## TASK DETAILS
Pictures should be omitted from your copy. Everything else in the entries below must be restated word for word.

Start of Block

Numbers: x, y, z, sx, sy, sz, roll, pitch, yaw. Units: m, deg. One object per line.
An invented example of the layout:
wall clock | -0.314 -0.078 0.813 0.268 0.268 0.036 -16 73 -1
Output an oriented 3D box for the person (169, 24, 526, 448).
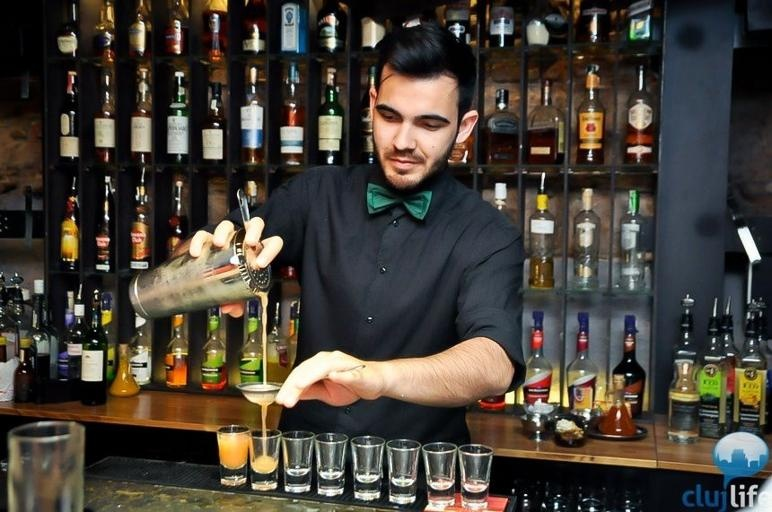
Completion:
person | -0.028 -0.068 2.808 1.095 1.130 0.901 1 -1 39

End of Block

## EXPECTED ANSWER
Numbers: x, y, z, sx, sy, sz, roll, pitch, yaw. Units: m, deg. One object per line.
An invented example of the layout:
wall clock | -0.314 -0.078 0.813 0.268 0.268 0.036 -16 73 -1
Output an oriented 3D box for the person (169, 24, 526, 448).
Completion:
person | -0.028 -0.068 2.808 1.095 1.130 0.901 1 -1 39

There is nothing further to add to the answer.